• Exercise brief:
Starting at the line that contains "Viewport: 924px width, 1308px", write out each line through the end of the data below, exactly as it stands. Skip any pictures.
─── Data
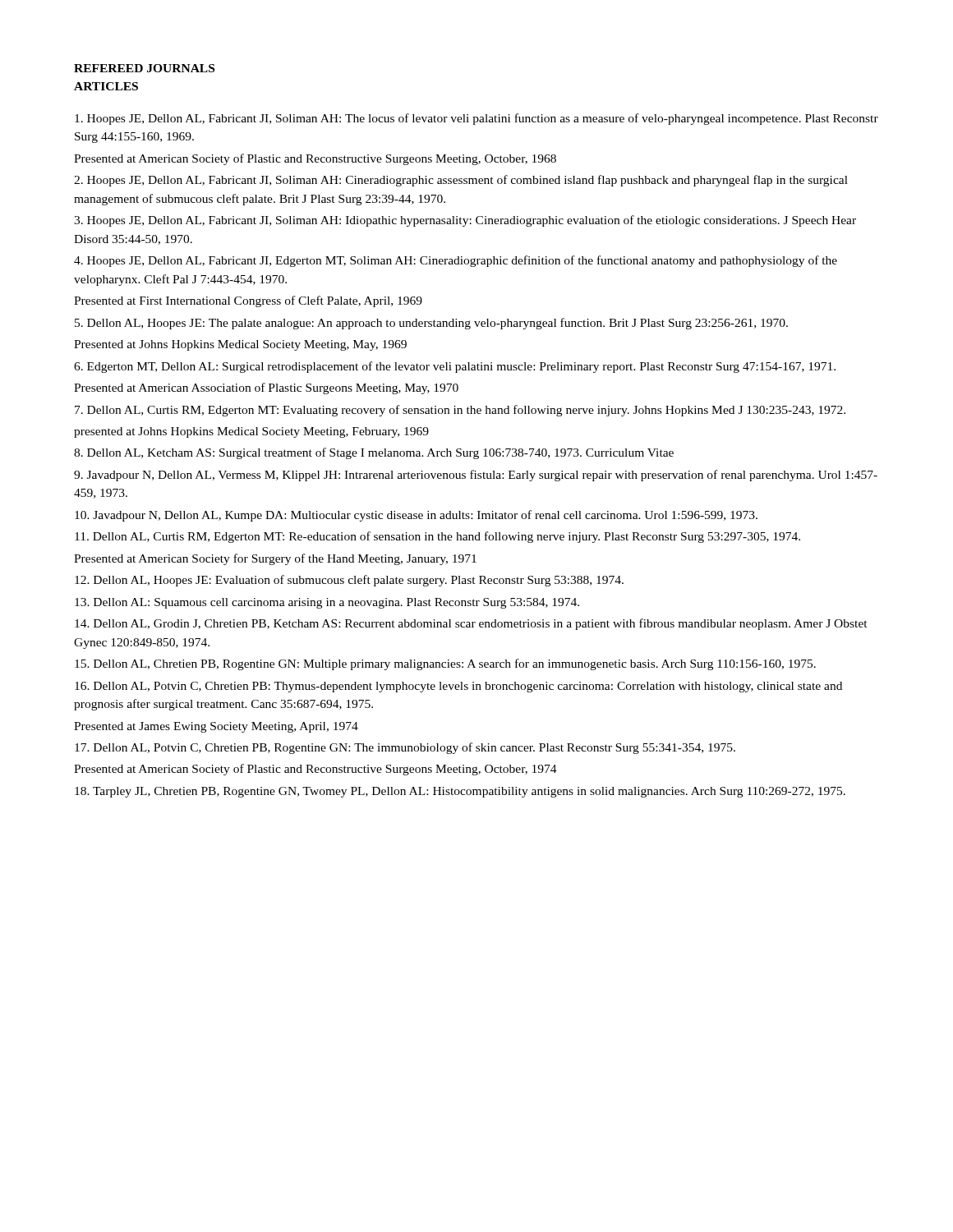Locate the list item that says "17. Dellon AL, Potvin C, Chretien"

[405, 747]
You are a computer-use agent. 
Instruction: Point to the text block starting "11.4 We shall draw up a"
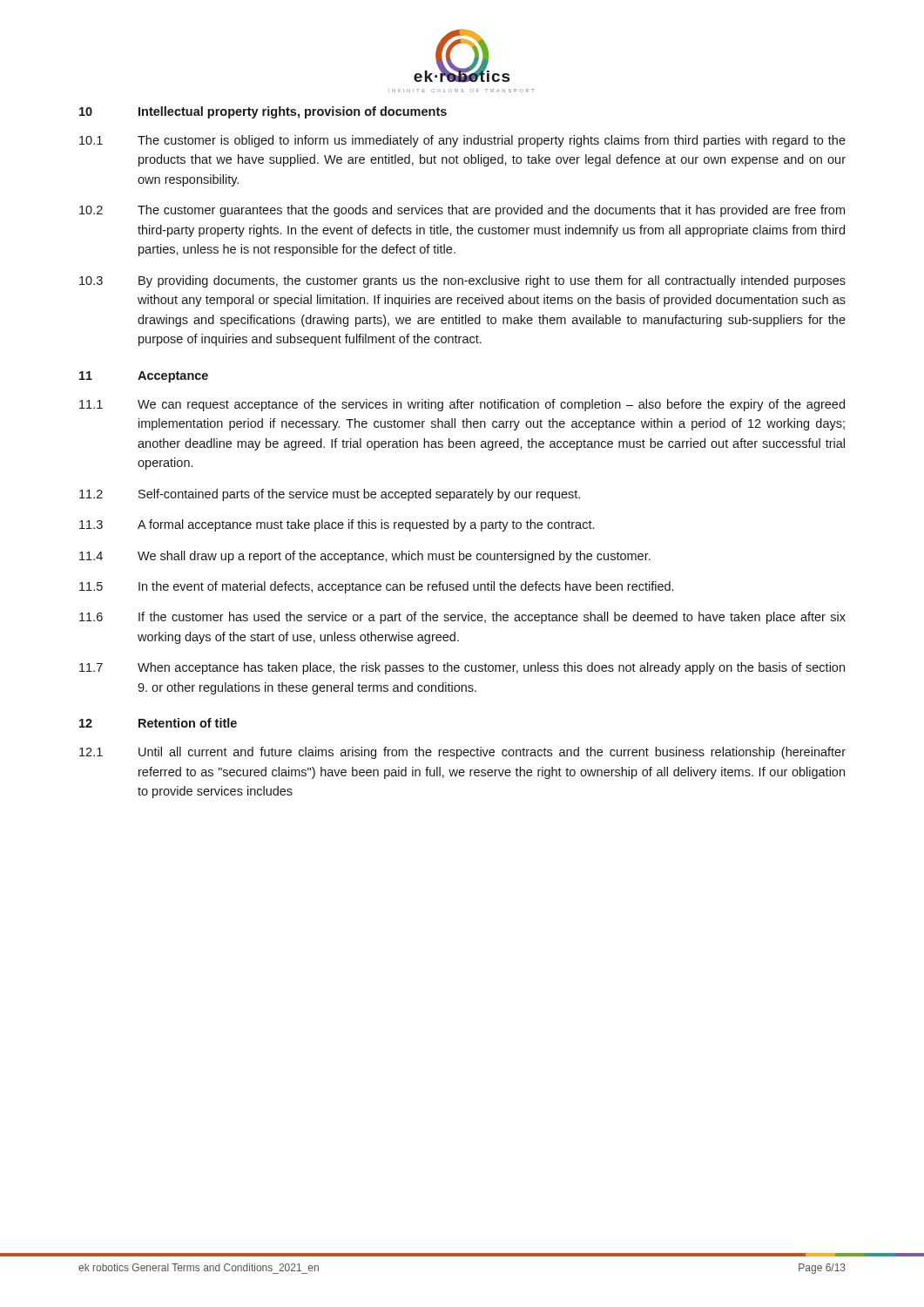click(365, 556)
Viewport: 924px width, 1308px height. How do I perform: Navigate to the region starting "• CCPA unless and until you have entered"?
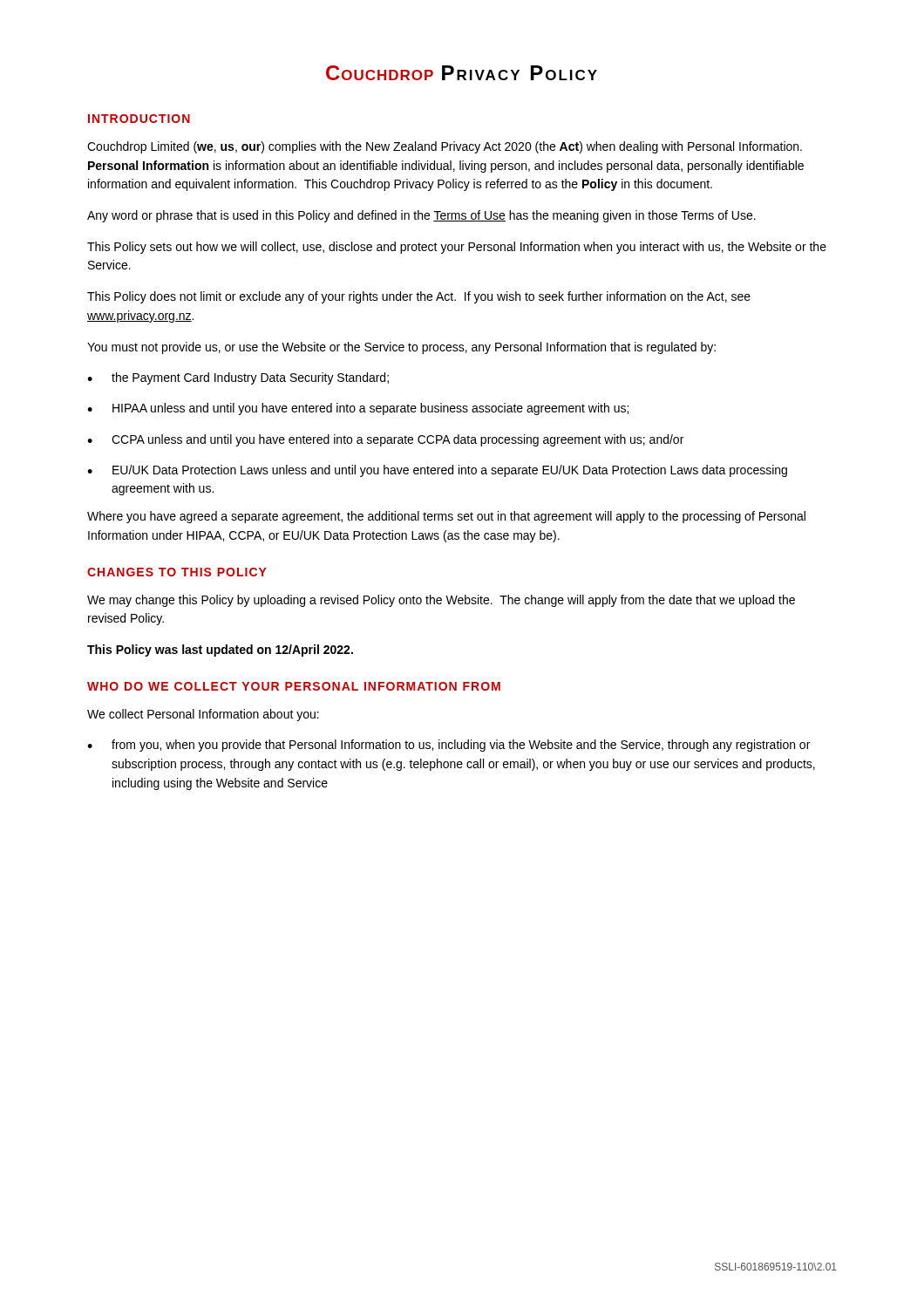click(462, 441)
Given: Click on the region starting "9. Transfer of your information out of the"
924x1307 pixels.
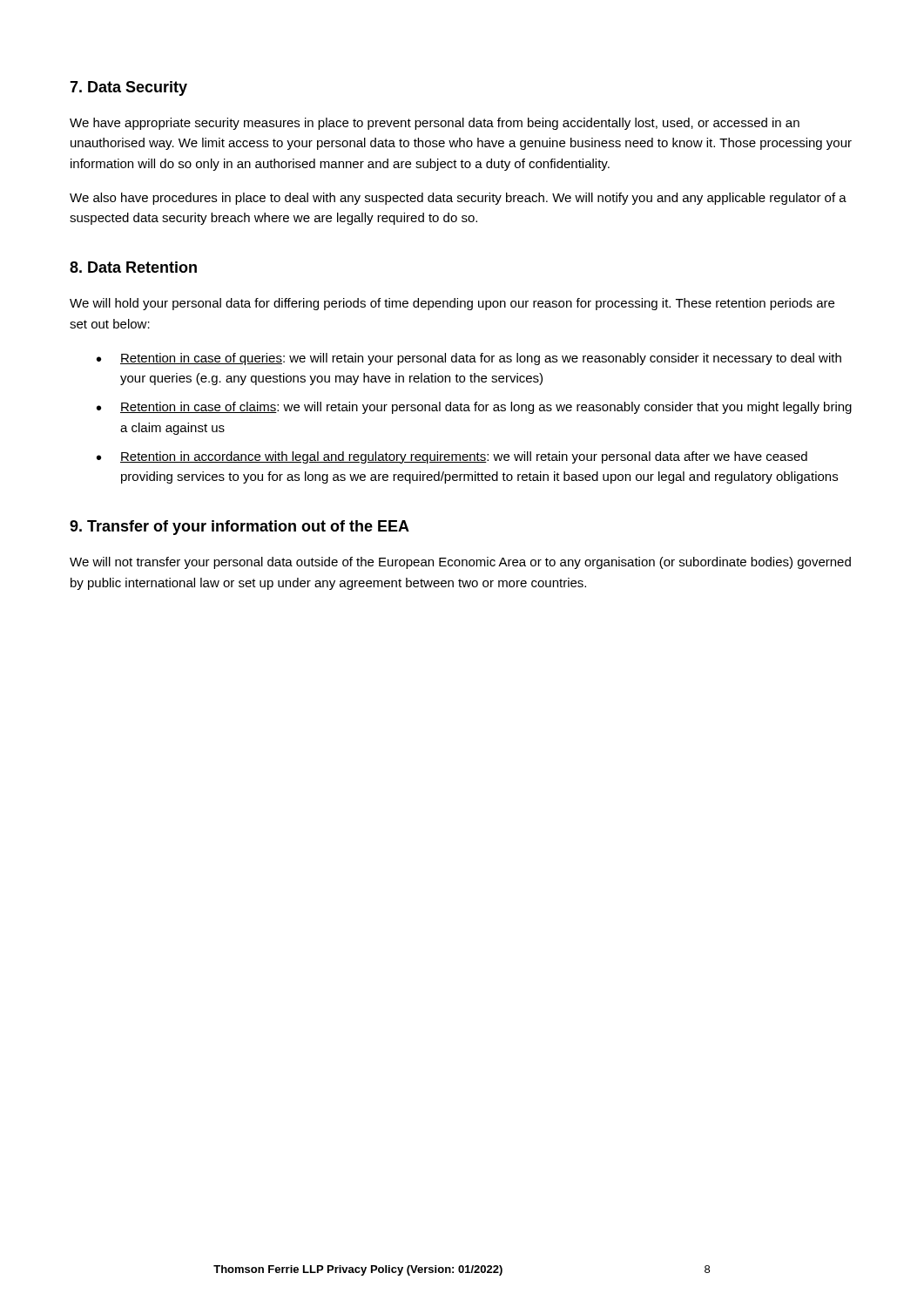Looking at the screenshot, I should [240, 527].
──────
• Output for this task:
Viewport: 924px width, 1308px height. How do I perform: Navigate to the region starting "• CCPA unless and until you have entered"?
click(462, 441)
Given: Click on the region starting "9. Transfer of your information out of the"
924x1307 pixels.
Looking at the screenshot, I should [240, 527].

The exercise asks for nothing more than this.